DOD’s JEDI cloud acquisition gets its first protest

DOD's Joint Enterprise Defense Infrastructure cloud acquisition "virtually assures DOD will be locked into legacy cloud for a decade or more," the company argues.
An entrance at the Pentagon. (DOD / Navy Mass Communication Specialist 1st Class Kathryn E. Holm / Flickr)

To no one’s surprise, the Defense Department’s massive, single-award commercial cloud contract has received its first protest.

Oracle filed a pre-award bid protest Monday with the Government Accountability Office, alleging that DOD’s Joint Enterprise Defense Infrastructure cloud acquisition “virtually assures DOD will be locked into legacy cloud for a decade or more.”

It comes less than two weeks since the Pentagon officially opened the $10 billion contract for bidding.

“The single-award approach is contrary to industry’s multi-cloud strategy, which promotes constant competition, fosters innovation and lowers prices,” says a statement given to FedScoop by an Oracle spokesperson. “The DoD seeks to procure so-called ‘commercial services’ that are wholly inconsistent with the commercial sector and the [determinations and findings section of the contract] falls far from meeting the rigorous legal standards required for a single award contract.”


In the protest, Oracle makes the case that a multiple-award contract for a multi-cloud environment is the best path for DOD and the American taxpayer, and that “standardizing on a single cloud today makes no more sense than standardizing on a single on premise computing architecture decades ago.”

“DoD’s interests and those of the taxpayer are best achieved thorough [sic] the
multiple award process Congress has preferred and, in these circumstances, has mandated,” the protest says. “Significantly, the multiple award process tracks best practices of the cloud market today: namely a multi-cloud approach benefiting from differentiated products, varied expertise, and constant competition to encourage both innovation and lower prices.”
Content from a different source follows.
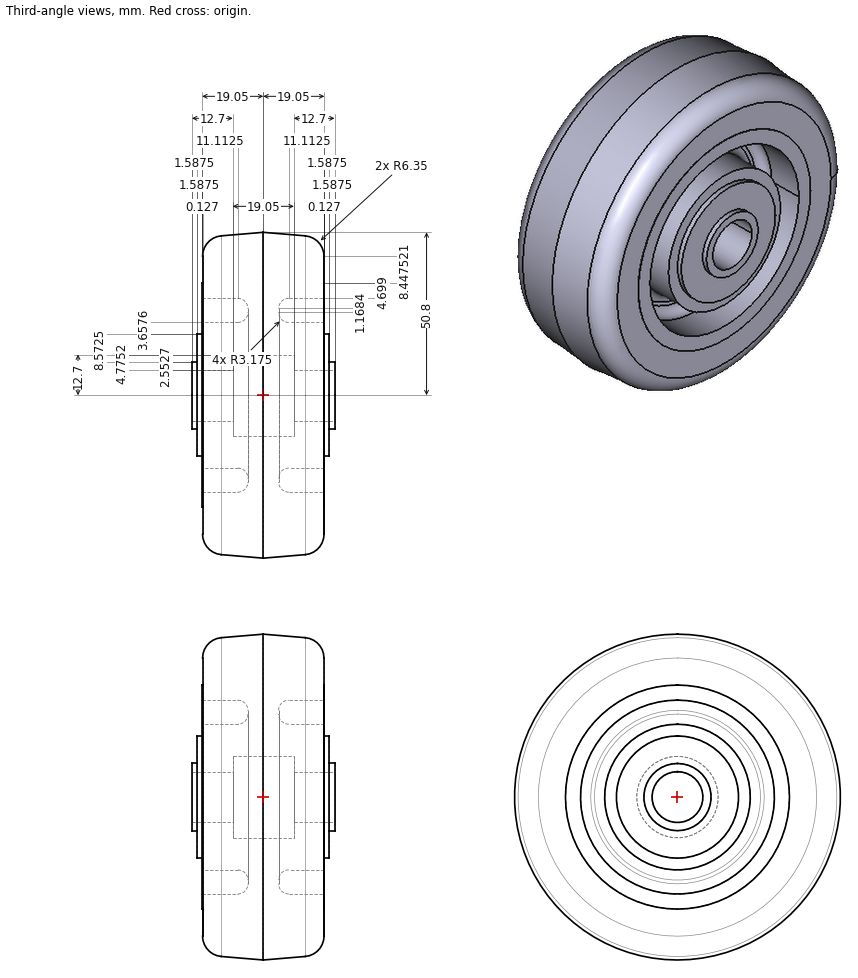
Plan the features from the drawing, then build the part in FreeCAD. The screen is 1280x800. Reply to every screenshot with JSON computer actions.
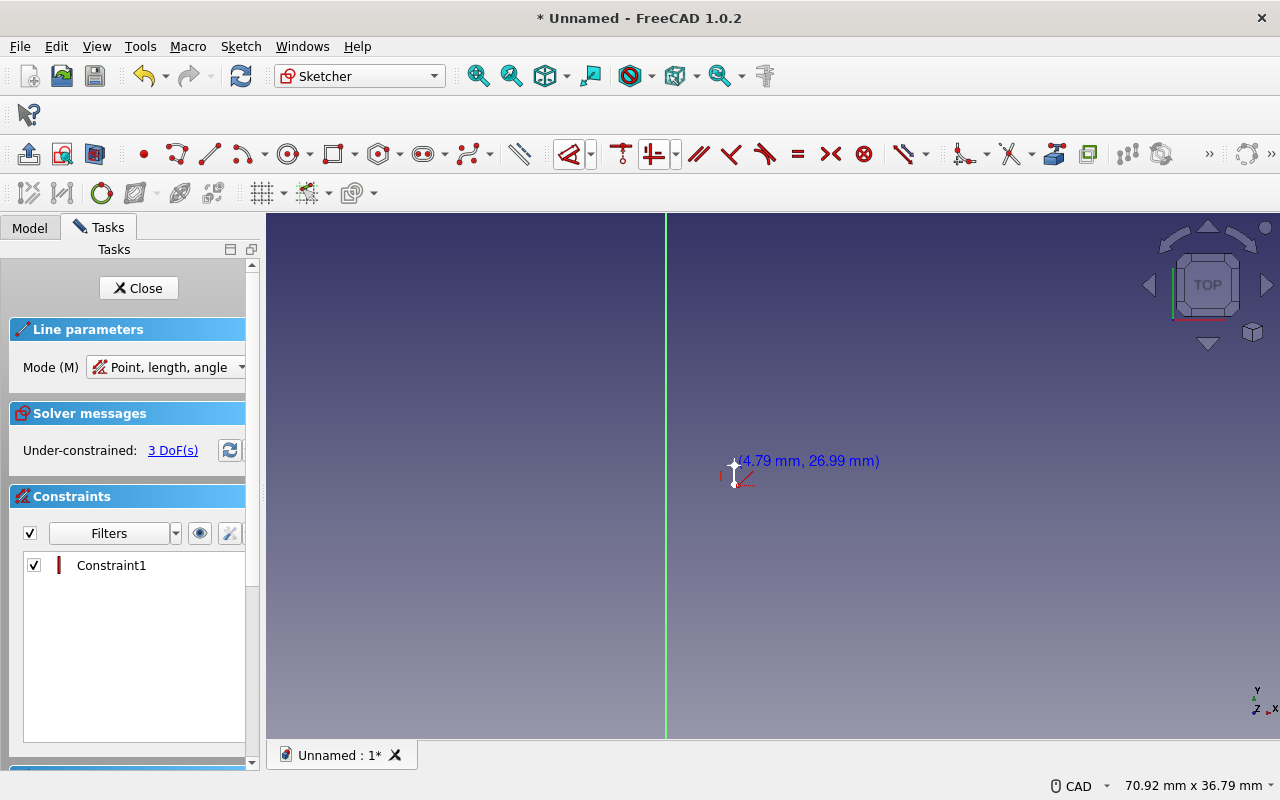
{"action": "left_click", "coordinate": [177, 154]}

GAO has until Nov. 14 to issue its decision. It’s unclear what that could mean for DOD’s issuance of awards — JEDI proposals are due Sept. 19, but there’s been no word from the Pentagon on how quickly it will move to pick a winner.
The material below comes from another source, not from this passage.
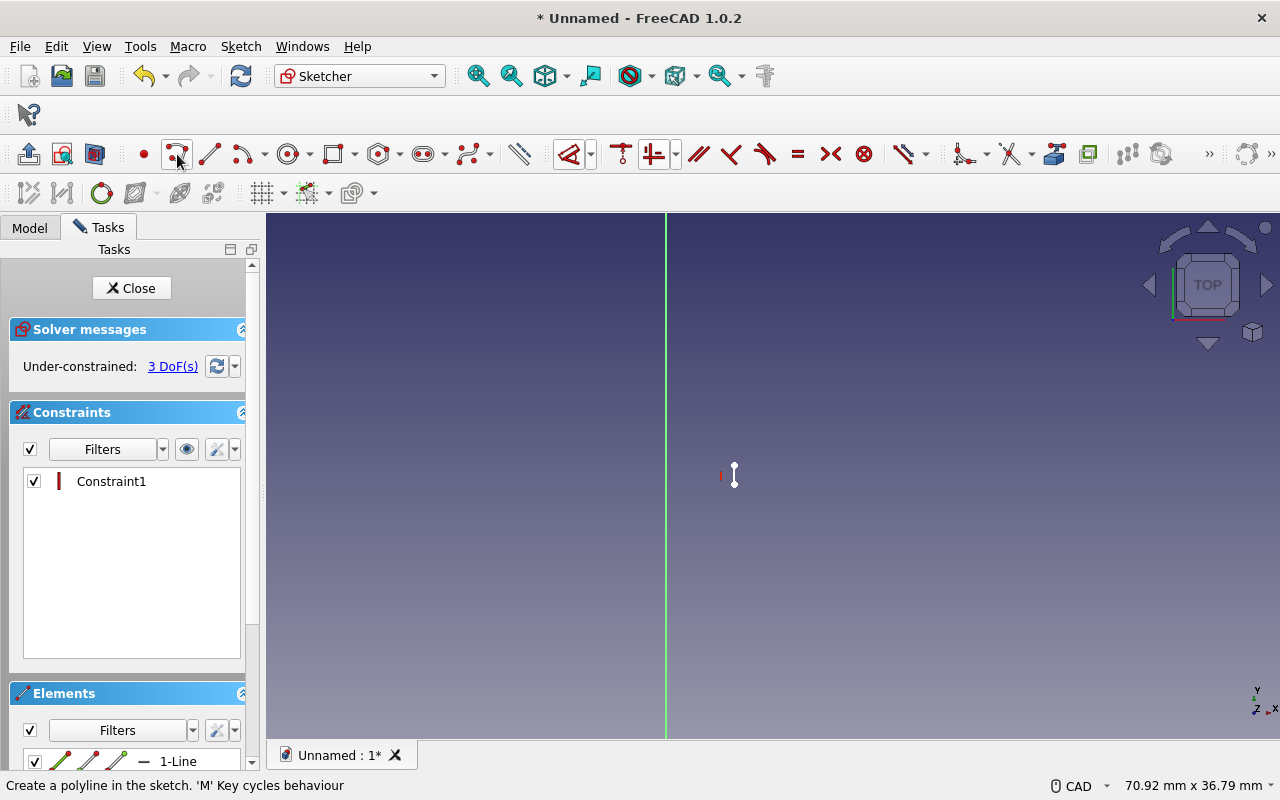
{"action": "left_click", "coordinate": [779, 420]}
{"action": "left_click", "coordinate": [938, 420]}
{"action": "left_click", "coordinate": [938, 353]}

Oracle’s protest likely won’t be the last JEDI will face, as the contract has drawn widespread industry scrutiny since it was proposed late last year as a single-award acquisition. The Pentagon has continued to maintain this stance despite pushback from the private sector and Capitol Hill.

Oracle was successful in a recent protest of another DOD cloud services acquisition. In May, GAO sustained the company’s protest of a deal originally worth nearly $1 billion awarded to REAN Cloud to help streamline the Pentagon’s cloud migration efforts through a production other transaction agreement.